Les réformes du F CFA entamées il y a quelques années par les chefs d’État et de gouvernement des pays qui ont en partage cette monnaie avait suscité beaucoup d’intérêt de la part des Africains. L’annonce de la révision des accords monétaire entre ces pays et l’ancien pays colonisateur qu’est la France avait encore plus donné un certain espoir aux fils et filles de ce continent.
Mais, la réforme du F CFA visant à créer une nouvelle monnaie tarde à se concrétiser. De report en report, beaucoup n’y croient tout simplement plus. Le professeur Kako Nubukpo, économiste togolais, actuel Commissaire en charge de l’agriculture, de l’environnement et des ressources en eau de la l’Union économique et monétaire Ouest africaine (Uemoa), partisan de la création d’une nouvelle monnaie, croit connaitre les raisons qui explique ce blocage.

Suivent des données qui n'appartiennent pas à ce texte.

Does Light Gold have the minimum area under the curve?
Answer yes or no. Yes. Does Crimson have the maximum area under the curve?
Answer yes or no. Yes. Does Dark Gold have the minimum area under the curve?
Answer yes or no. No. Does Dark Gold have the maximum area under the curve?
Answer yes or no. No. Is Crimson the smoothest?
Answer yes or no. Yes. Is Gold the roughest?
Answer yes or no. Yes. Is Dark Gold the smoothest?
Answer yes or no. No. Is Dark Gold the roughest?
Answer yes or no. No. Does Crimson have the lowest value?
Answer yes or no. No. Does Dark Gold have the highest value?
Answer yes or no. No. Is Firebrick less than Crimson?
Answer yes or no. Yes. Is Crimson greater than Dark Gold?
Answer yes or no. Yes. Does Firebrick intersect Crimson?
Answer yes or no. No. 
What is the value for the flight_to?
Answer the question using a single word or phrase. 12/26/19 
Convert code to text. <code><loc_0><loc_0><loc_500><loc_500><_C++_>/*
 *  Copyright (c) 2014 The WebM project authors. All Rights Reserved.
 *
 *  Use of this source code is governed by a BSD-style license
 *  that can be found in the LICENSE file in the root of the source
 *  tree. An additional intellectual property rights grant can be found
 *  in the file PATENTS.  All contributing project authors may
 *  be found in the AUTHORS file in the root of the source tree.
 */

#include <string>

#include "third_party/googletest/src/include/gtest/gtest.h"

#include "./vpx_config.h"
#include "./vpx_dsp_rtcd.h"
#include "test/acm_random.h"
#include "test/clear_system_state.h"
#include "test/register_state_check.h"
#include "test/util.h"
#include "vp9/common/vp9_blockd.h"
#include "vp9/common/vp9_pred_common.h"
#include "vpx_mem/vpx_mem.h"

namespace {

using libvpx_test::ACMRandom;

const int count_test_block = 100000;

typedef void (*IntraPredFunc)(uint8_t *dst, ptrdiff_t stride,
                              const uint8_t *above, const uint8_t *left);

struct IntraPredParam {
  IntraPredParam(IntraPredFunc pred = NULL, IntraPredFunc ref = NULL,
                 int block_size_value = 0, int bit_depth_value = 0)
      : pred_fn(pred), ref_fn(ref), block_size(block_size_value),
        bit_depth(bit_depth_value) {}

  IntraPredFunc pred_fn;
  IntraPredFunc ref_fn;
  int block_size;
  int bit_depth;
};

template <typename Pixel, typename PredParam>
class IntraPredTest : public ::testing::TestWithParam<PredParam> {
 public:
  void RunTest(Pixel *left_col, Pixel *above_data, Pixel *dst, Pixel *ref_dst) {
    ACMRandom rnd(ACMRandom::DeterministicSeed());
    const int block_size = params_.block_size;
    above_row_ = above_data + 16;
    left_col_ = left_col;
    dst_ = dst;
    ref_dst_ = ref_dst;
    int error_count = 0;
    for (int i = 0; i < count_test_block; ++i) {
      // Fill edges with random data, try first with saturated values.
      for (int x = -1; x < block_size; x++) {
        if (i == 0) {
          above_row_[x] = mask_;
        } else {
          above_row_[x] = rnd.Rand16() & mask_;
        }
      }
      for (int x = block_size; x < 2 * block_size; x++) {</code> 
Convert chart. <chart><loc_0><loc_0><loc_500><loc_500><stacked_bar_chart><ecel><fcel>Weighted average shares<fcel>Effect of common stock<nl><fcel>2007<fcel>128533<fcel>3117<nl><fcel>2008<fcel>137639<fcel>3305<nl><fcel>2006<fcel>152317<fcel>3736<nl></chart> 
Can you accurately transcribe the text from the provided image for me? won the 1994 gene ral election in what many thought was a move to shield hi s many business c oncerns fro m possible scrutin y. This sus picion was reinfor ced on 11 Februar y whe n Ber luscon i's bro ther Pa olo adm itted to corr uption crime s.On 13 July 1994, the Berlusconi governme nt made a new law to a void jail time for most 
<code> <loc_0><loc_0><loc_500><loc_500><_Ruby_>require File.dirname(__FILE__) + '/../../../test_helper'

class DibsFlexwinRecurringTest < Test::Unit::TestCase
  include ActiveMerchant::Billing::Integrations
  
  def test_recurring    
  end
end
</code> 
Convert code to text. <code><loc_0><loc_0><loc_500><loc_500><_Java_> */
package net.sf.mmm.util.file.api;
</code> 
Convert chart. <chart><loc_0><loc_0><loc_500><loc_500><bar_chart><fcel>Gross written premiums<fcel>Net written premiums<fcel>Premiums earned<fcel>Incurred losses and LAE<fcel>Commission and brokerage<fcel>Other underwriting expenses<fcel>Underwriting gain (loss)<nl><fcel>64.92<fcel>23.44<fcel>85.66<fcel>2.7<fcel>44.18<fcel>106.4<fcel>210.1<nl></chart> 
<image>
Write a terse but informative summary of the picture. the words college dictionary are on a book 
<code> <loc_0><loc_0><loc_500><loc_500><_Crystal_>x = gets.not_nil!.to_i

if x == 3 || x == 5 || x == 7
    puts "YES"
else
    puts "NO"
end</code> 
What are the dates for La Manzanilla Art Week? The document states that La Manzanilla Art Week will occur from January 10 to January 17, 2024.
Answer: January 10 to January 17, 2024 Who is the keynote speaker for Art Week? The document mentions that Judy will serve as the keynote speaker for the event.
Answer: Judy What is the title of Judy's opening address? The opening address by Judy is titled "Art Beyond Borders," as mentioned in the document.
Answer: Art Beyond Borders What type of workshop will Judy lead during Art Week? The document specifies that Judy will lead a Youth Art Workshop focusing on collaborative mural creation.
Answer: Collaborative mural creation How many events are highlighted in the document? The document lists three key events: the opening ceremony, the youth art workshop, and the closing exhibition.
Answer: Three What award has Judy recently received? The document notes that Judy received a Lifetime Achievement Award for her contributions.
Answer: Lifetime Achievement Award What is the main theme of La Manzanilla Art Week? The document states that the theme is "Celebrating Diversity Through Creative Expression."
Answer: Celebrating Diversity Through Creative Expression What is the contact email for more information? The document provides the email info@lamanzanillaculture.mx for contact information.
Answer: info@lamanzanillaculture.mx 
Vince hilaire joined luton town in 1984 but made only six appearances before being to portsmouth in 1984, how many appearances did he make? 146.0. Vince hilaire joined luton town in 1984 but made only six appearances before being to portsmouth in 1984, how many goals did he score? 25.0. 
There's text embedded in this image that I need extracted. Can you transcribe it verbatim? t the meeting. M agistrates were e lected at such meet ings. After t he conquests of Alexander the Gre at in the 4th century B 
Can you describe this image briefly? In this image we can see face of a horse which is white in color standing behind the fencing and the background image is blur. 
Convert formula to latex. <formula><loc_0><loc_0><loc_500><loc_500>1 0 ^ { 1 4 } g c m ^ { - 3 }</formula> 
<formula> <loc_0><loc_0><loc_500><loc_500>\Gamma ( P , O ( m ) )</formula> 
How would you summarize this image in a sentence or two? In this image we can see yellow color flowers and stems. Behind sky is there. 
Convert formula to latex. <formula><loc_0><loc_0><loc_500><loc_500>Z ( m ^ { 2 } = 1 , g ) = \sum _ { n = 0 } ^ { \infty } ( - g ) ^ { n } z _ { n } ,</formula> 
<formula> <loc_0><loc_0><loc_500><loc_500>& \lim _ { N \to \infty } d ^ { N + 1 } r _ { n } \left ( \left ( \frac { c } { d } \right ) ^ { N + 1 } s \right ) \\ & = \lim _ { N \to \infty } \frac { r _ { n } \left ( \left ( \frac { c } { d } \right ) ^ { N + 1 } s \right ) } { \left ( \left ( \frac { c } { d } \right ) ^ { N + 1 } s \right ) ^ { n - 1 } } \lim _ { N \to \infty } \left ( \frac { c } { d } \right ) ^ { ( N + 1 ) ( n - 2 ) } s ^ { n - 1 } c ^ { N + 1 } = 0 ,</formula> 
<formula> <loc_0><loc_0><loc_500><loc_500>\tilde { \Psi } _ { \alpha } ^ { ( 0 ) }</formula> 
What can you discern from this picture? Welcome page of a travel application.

Selon lui, il y a deux approches : celle portée par le l’Uemoa, qui dit que la monnaie est neutre, qu’elle n’a pas d’impact sur l’activité et prône une gestion monétariste. « Le seul objectif de cette politique est la lutte contre l’inflation », fait-il observer. « Et puis, il y a la tradition des pays anglophones comme le Ghana et le Nigeria, qui se laissent la possibilité d’utiliser la planche à billets pour activer l’économie. Il n’y a donc pas de convergence autour de ce que pourrait être une monnaie de la Communauté économique des États d’Afrique de l’Ouest (Cedeao). Et on ne pose pas la question de fond : que veut-on faire en termes de solidarité entre les États de la zone ? », a-t-il ajouté.
Selon le professeur Nubukpo, le déclic pourrait venir de la Communauté économique et monétaire de l’Afrique centrale (Cema). « Même si la Cemac a toujours été considérée comme le mauvais élève de la zone franc, l’homogénéité de son dispositif de gestion monétaire peut lui permettre d’aller plus vite. Par ailleurs, comme les États d’Afrique centrale sont exportateurs nets de pétrole, c’est plus facile d’envisager une politique monétaire qui fasse sens pour tous », affirme l’économiste.
Kako Nubukpo ne veut surtout pas tomber dans le piège des radicaux. « J’ai toujours pensé que c’est à nous, Africains, de construire une monnaie qui soit au service de la transformation de nos économies. Les pays Ouest africains auront à travailler avec tous les partenaires : la France, les États-Unis, la Chine, la Russie etc… Il préconise de déclarer l’Eco comme « monnaie commune » et non comme « monnaie unique ». « Créer l’Eco dès aujourd’hui va engendrer une convergence des esprits. Et reporter chaque fois sa mise en place fait perdre de la crédibilité aux annonces », pense le professeur Nubukpo.